→ Work to be completed
Look below for the line containing "title: Kettingkogels uit"; from there, print each line exactly up to and including the line containing "description: Shot, springshot;", and stop.

→ Source records
=======

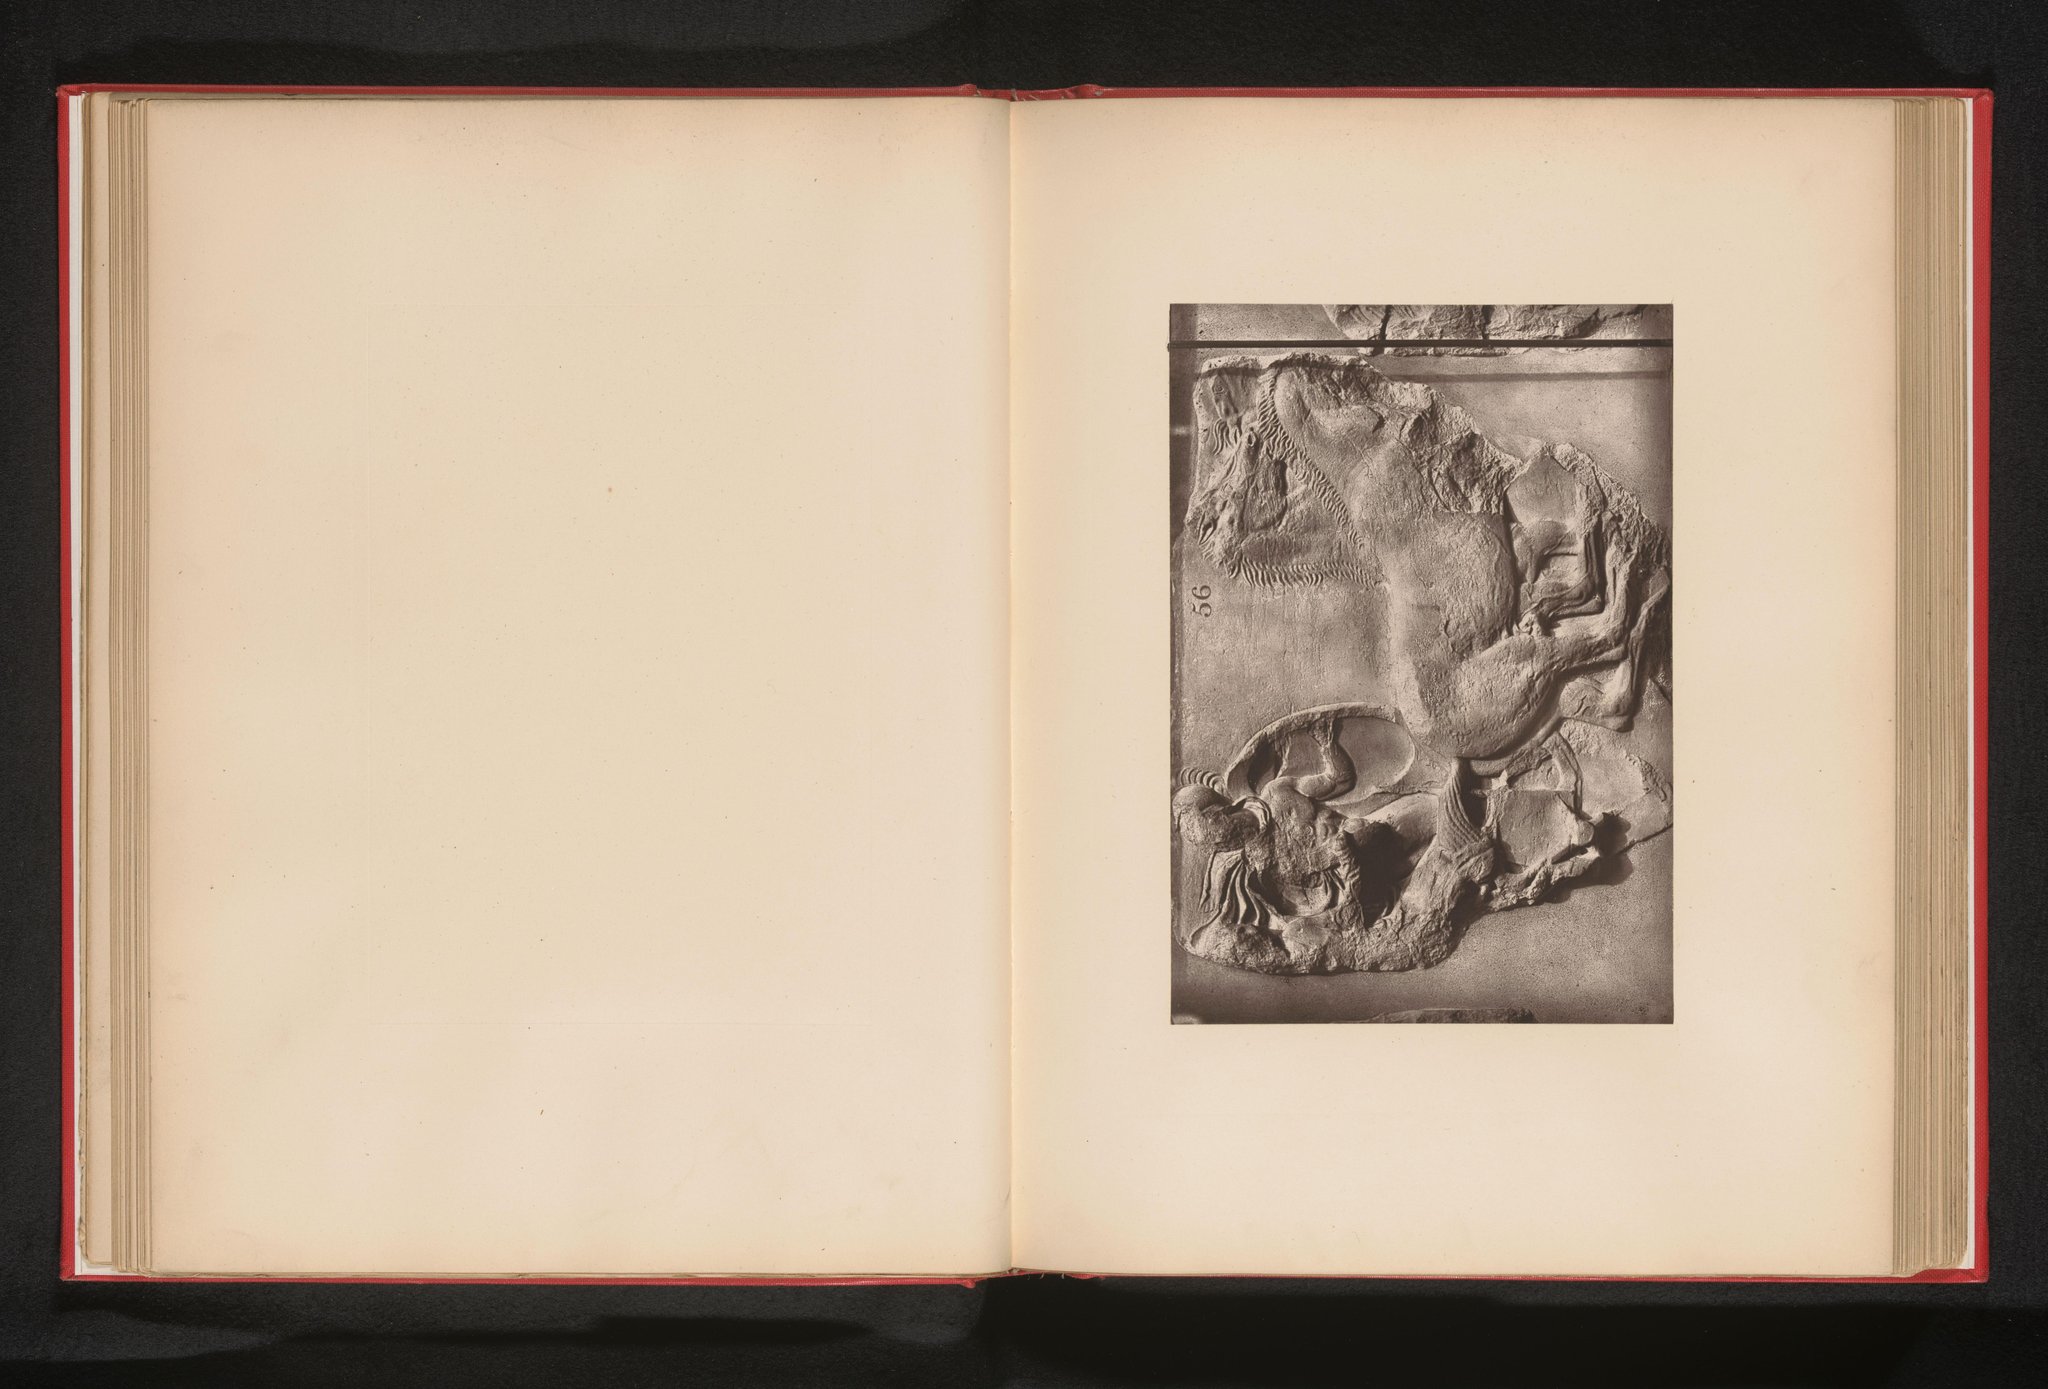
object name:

=======

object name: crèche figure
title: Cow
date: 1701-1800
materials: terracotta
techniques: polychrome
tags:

=======

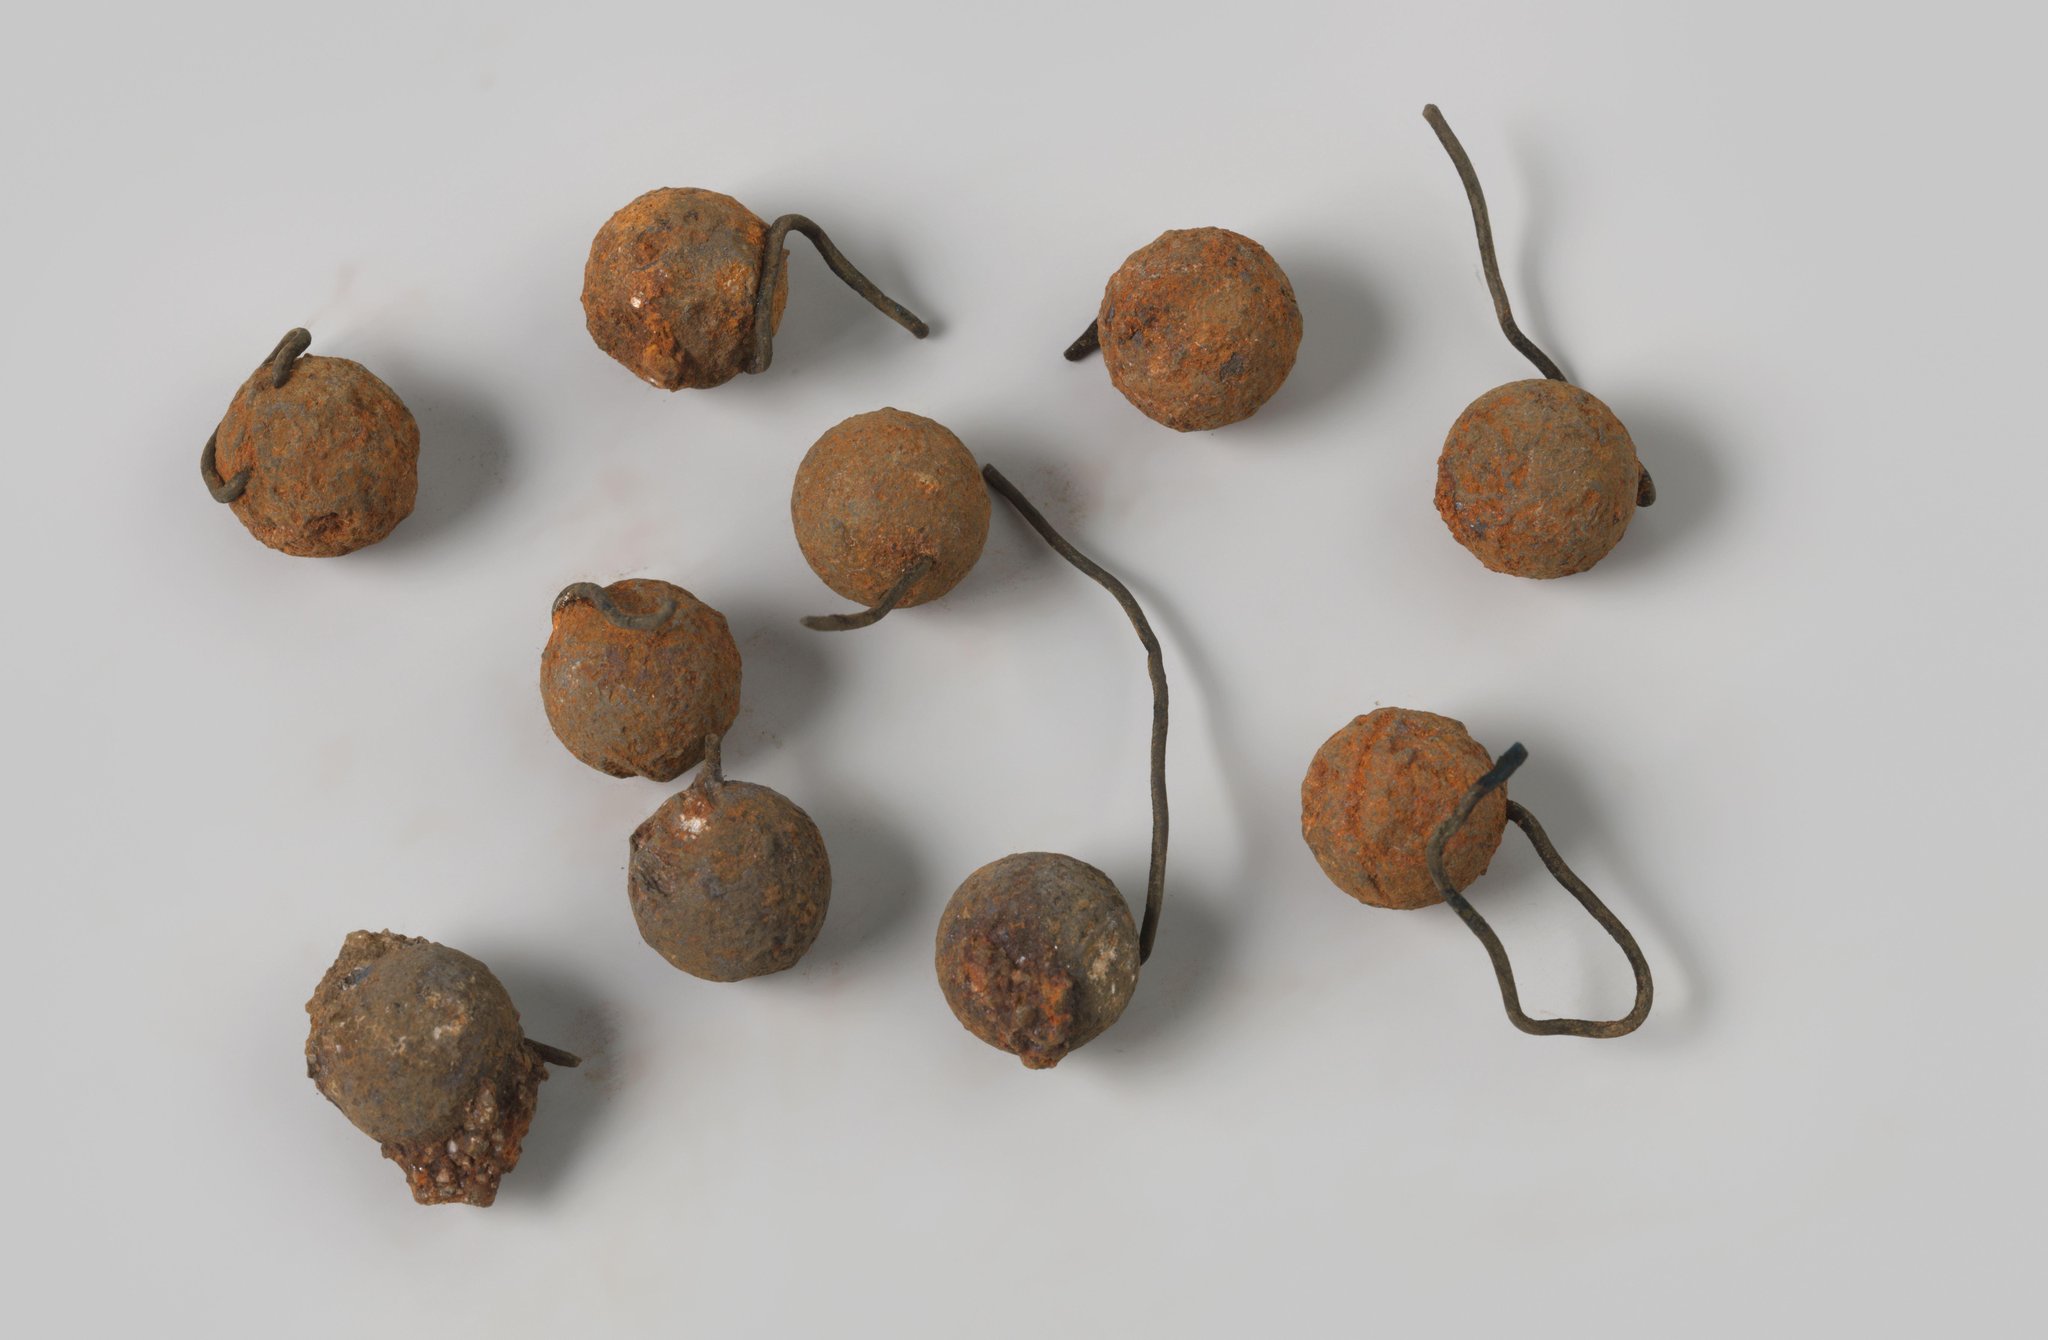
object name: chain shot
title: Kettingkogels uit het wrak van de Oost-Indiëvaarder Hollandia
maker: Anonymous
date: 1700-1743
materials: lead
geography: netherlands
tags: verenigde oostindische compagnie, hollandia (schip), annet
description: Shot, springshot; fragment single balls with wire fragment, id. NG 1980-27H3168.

=======

→ Result for this task
title: Kettingkogels uit het wrak van de Oost-Indiëvaarder Hollandia
maker: Anonymous
date: 1700-1743
materials: lead
geography: netherlands
tags: verenigde oostindische compagnie, hollandia (schip), annet
description: Shot, springshot; fragment single balls with wire fragment, id. NG 1980-27H3168.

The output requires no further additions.